Il disco rigido che muore, la TV che ripara, proponendo quel "Il diritto di uccidere" (t.o. "Eye in the sky", 2015) che Frd anticipò smaniante sulle nefandezze di scienze e tecnologia in campo bellico. La pellicola del sudafricano Gavin Hood, se non è una critica profonda e accorata al militarismo, ha dalla sua l'onestà di non filtrare l'aria fognale che si respira in certi gabinetti. Il calcolo delle conseguenze, mai umane sempre economiche, ci ha posto dietro un display.
"In guerra la prima vittima è la verità" diceva Eschilo. A Nairobi, Kenya, ma non solo i Servizi Segreti (SS) britannici, ma anche kenioti cooperano fruttuosamente col governo somalo. Nell'operazione "Airone", un "occhio dal cielo" consente la sola umanità dei generali. Camera Colibrì, Scarabeo, affascinanti e innocui dispositivi di sorveglianza e punizione. L'utilizzo duale degli strumenti di morte, il civile gioca con gli aquiloni mentre il militare miete vittime. Hellfire su quel tetto, legalmente (l'accordo si trova), secondo le necessità belliche. Tra impietosi rimbalzi burocratici, con gli statunitensi più disinvolti, Helen Mirren è una perfetta guerrafondaia.

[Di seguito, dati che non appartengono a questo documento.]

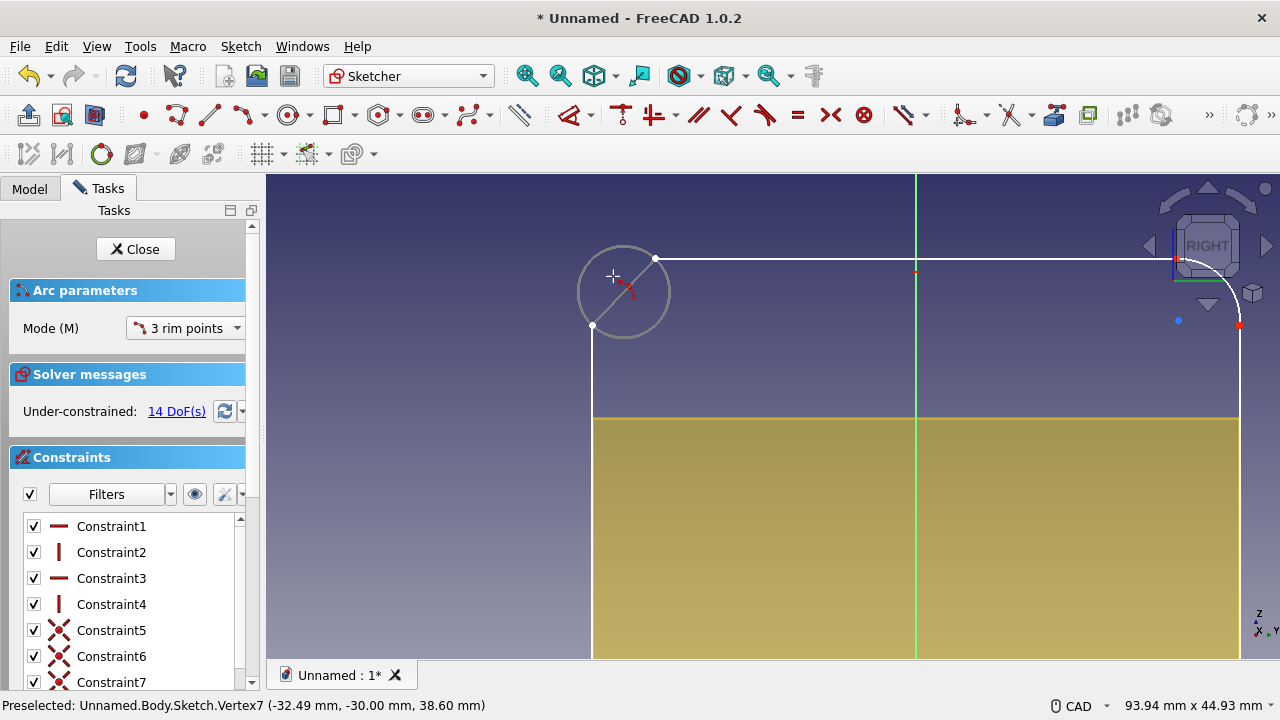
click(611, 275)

Interessante su rapporti e dinamiche tra vari interessi e forces. Senza reazione, chini verso il prossimo ordine (coi fugaci rimorsi dei novellini, mica delle mele buone). "Se solo fosse così semplice", intendono ammazzare senza chiedere. Al di là della bambina, bello scontro leale: come se la differenza risiedesse nel fatto che sia sopravvissuta o no. Ma sì una differenza la fa: ammazzandola il film resta onesto. Pretestuosa estetica con l'hula-hoop, ma il finale è più acuminato di quanto appaia (sono i "terroristi" a traportare il corpo all'ospedale).